Along the German wine road

Home sweet Palatinate. Continuing the culinary travels with my guests we left Heidelberg behind and spent a day wine-tasting on the German wine road. The German wine road in Rhineland Palatinate is the country’s oldest scenic drive. Starting in the town of Bockenheim in the southwest of Germany, the 50 mile long wine road leads through Germany’s second largest wine growing region all the way to the French border. This area of Palatinate was not just my home before moving to the US, but  also home to the Romans centuries ago. They recognized that the mild climate would be perfect to harvest some exceptional grapes for their wine production.

Weinstrasse a Collage

Our first stop was the in the town of Bad Dürkheim. The spa resort is home to the world’s biggest wine barrel, which can hold 44 million gallons of wine. It has been transformed into a multi-level wine restaurant. In September, the town also hosts the largest wine festival in the world, the Wurstmarkt.  Right across from the wine barrel is the location of the Fitz-Ritter Winery. This winery was founded in 1785 and is now in its ninth generation of management in direct lineage by the Fitz family. As a founding member of the VDP (Association of German Prädikat Wine Estates), focus at Fitz-Ritter is on Riesling wines from the best vineyards. The Rieslings are predominantly dry and clearly reflect the typical character of each vineyard. Our very knowledgeable guide Helde led us through the cellars where we could also taste some of the Fitz-Ritter Sekt (sparkling wine/Champagne).

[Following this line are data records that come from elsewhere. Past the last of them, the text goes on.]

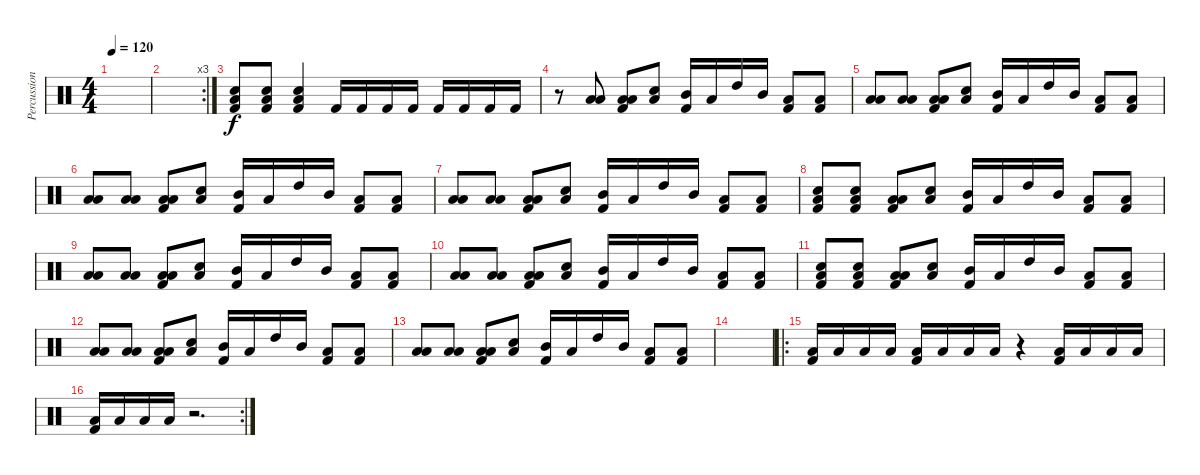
\track ("Percussions" "Percussion") {instrument percussion}
\staff {score}
\articulation defaults
\ts (4 4)
\tempo 120
\clef neutral
\ks c
|
\rc 3
|
("Snare (hit) 2" "Low Tom (hit)" "Kick (hit) 2").8 ("Snare (hit) 2" "Low Tom (hit)" "Kick (hit) 2").8 ("Snare (hit) 2" "Low Tom (hit)" "Kick (hit) 2").4 "Kick (hit) 2".16 "Kick (hit) 2".16 "Kick (hit) 2".16 "Kick (hit) 2".16 "Kick (hit) 2".16 "Kick (hit) 2".16 "Kick (hit) 2".16 "Kick (hit) 2".16 |
r.8 ("Low Tom (hit)" "Low Tom (hit)").8 ("Low Tom (hit)" "Low Tom (hit)" "Kick (hit) 2").8 ("Low Tom (hit)" "Snare (hit) 2").8 ("Mid Tom (hit)" "Kick (hit) 2").16 "Low Tom (hit)".16 "High Tom (hit)".16 "Mid Tom (hit)".16 ("Low Tom (hit)" "Kick (hit) 2").8 ("Low Tom (hit)" "Kick (hit) 2").8 |
("Low Tom (hit)" "Low Tom (hit)").8 ("Low Tom (hit)" "Low Tom (hit)").8 ("Low Tom (hit)" "Low Tom (hit)" "Kick (hit) 2").8 ("Low Tom (hit)" "Snare (hit) 2").8 ("Mid Tom (hit)" "Kick (hit) 2").16 "Low Tom (hit)".16 "High Tom (hit)".16 "Mid Tom (hit)".16 ("Low Tom (hit)" "Kick (hit) 2").8 ("Low Tom (hit)" "Kick (hit) 2").8 |
("Low Tom (hit)" "Low Tom (hit)").8 ("Low Tom (hit)" "Low Tom (hit)").8 ("Low Tom (hit)" "Low Tom (hit)" "Kick (hit) 2").8 ("Low Tom (hit)" "Snare (hit) 2").8 ("Mid Tom (hit)" "Kick (hit) 2").16 "Low Tom (hit)".16 "High Tom (hit)".16 "Mid Tom (hit)".16 ("Low Tom (hit)" "Kick (hit) 2").8 ("Low Tom (hit)" "Kick (hit) 2").8 |
("Low Tom (hit)" "Low Tom (hit)").8 ("Low Tom (hit)" "Low Tom (hit)").8 ("Low Tom (hit)" "Low Tom (hit)" "Kick (hit) 2").8 ("Low Tom (hit)" "Snare (hit) 2").8 ("Mid Tom (hit)" "Kick (hit) 2").16 "Low Tom (hit)".16 "High Tom (hit)".16 "Mid Tom (hit)".16 ("Low Tom (hit)" "Kick (hit) 2").8 ("Low Tom (hit)" "Kick (hit) 2").8 |
("Snare (hit) 2" "Low Tom (hit)" "Kick (hit) 2").8 ("Snare (hit) 2" "Low Tom (hit)" "Kick (hit) 2").8 ("Low Tom (hit)" "Low Tom (hit)" "Kick (hit) 2").8 ("Low Tom (hit)" "Snare (hit) 2").8 ("Mid Tom (hit)" "Kick (hit) 2").16 "Low Tom (hit)".16 "High Tom (hit)".16 "Mid Tom (hit)".16 ("Low Tom (hit)" "Kick (hit) 2").8 ("Low Tom (hit)" "Kick (hit) 2").8 |
("Low Tom (hit)" "Low Tom (hit)").8 ("Low Tom (hit)" "Low Tom (hit)").8 ("Low Tom (hit)" "Low Tom (hit)" "Kick (hit) 2").8 ("Low Tom (hit)" "Snare (hit) 2").8 ("Mid Tom (hit)" "Kick (hit) 2").16 "Low Tom (hit)".16 "High Tom (hit)".16 "Mid Tom (hit)".16 ("Low Tom (hit)" "Kick (hit) 2").8 ("Low Tom (hit)" "Kick (hit) 2").8 |
("Low Tom (hit)" "Low Tom (hit)").8 ("Low Tom (hit)" "Low Tom (hit)").8 ("Low Tom (hit)" "Low Tom (hit)" "Kick (hit) 2").8 ("Low Tom (hit)" "Snare (hit) 2").8 ("Mid Tom (hit)" "Kick (hit) 2").16 "Low Tom (hit)".16 "High Tom (hit)".16 "Mid Tom (hit)".16 ("Low Tom (hit)" "Kick (hit) 2").8 ("Low Tom (hit)" "Kick (hit) 2").8 |
("Snare (hit) 2" "Low Tom (hit)" "Kick (hit) 2").8 ("Snare (hit) 2" "Low Tom (hit)" "Kick (hit) 2").8 ("Low Tom (hit)" "Low Tom (hit)" "Kick (hit) 2").8 ("Low Tom (hit)" "Snare (hit) 2").8 ("Mid Tom (hit)" "Kick (hit) 2").16 "Low Tom (hit)".16 "High Tom (hit)".16 "Mid Tom (hit)".16 ("Low Tom (hit)" "Kick (hit) 2").8 ("Low Tom (hit)" "Kick (hit) 2").8 |
("Low Tom (hit)" "Low Tom (hit)").8 ("Low Tom (hit)" "Low Tom (hit)").8 ("Low Tom (hit)" "Low Tom (hit)" "Kick (hit) 2").8 ("Low Tom (hit)" "Snare (hit) 2").8 ("Mid Tom (hit)" "Kick (hit) 2").16 "Low Tom (hit)".16 "High Tom (hit)".16 "Mid Tom (hit)".16 ("Low Tom (hit)" "Kick (hit) 2").8 ("Low Tom (hit)" "Kick (hit) 2").8 |
("Low Tom (hit)" "Low Tom (hit)").8 ("Low Tom (hit)" "Low Tom (hit)").8 ("Low Tom (hit)" "Low Tom (hit)" "Kick (hit) 2").8 ("Low Tom (hit)" "Snare (hit) 2").8 ("Mid Tom (hit)" "Kick (hit) 2").16 "Low Tom (hit)".16 "High Tom (hit)".16 "Mid Tom (hit)".16 ("Low Tom (hit)" "Kick (hit) 2").8 ("Low Tom (hit)" "Kick (hit) 2").8 |
|
\ro
("Low Tom (hit)" "Kick (hit) 2").16 "Low Tom (hit)".16 "Low Tom (hit)".16 "Low Tom (hit)".16 ("Low Tom (hit)" "Kick (hit) 2").16 "Low Tom (hit)".16 "Low Tom (hit)".16 "Low Tom (hit)".16 r.4 ("Low Tom (hit)" "Kick (hit) 2").16 "Low Tom (hit)".16 "Low Tom (hit)".16 "Low Tom (hit)".16 |
\rc 2
("Low Tom (hit)" "Kick (hit) 2").16 "Low Tom (hit)".16 "Low Tom (hit)".16 "Low Tom (hit)".16 r.2{d}

Weingut Fitz-Ritter a Collage

In 1837, the Fitz estate founded the first “Champagne“ Production in the Palatinate (second in all of Germany). Helde shared with us that Johannes Fitz, known as “the Red Fitz”, had imported the necessary know-how from the Champagne region of France which had been his exile home following his activity for the German Democracy movement at the Hambach Festival in 1832. Five years later the first „Palatine Champagne“ emerged from the Bad Dürkheim winery.  In 1843, the Fitz Estate was documented as official “Supplier to the Court of the Bavarian King”. Just as it was back then, today the Sektkellerei Fitz still produces Sekt from Burgundy and Riesling wines by traditional bottle fermentation. In the pictures above you can see us tasting and touring at the beautiful Fitz-Ritter estate.

Pfaelzer Teller

For lunch I wanted my guests to experience a traditional meal from my home region. At the Restaurant Leopold in Deidesheim we enjoyed a Palatinate platter. It contains bratwurst, liver dumpling, and Saumagen (sow’s stomach) served alongside mashed potatoes and sauerkraut. No worries, Saumagen  sounds very different, but it is actually unbelievably delicious. It was created in the 18th century by Palatinate farmers who used leftovers to make a new dish. Today the ingredients are not leftovers at all; indeed the butchers creating saumagen use very high-quality ingredients.  Helmut Kohl, the German chancellor from 1982 to 1998, who came from the Palatinate, gave this local dish some international recognition. He served Saumagen to many foreign visitors such as Margaret Thatcher, Mikhail Gorbachev,Ronald Reagan and Bill Clinton. In the picture above you can see our actual lunch that day. The Saumagen was one of the best I have ever eaten in my life.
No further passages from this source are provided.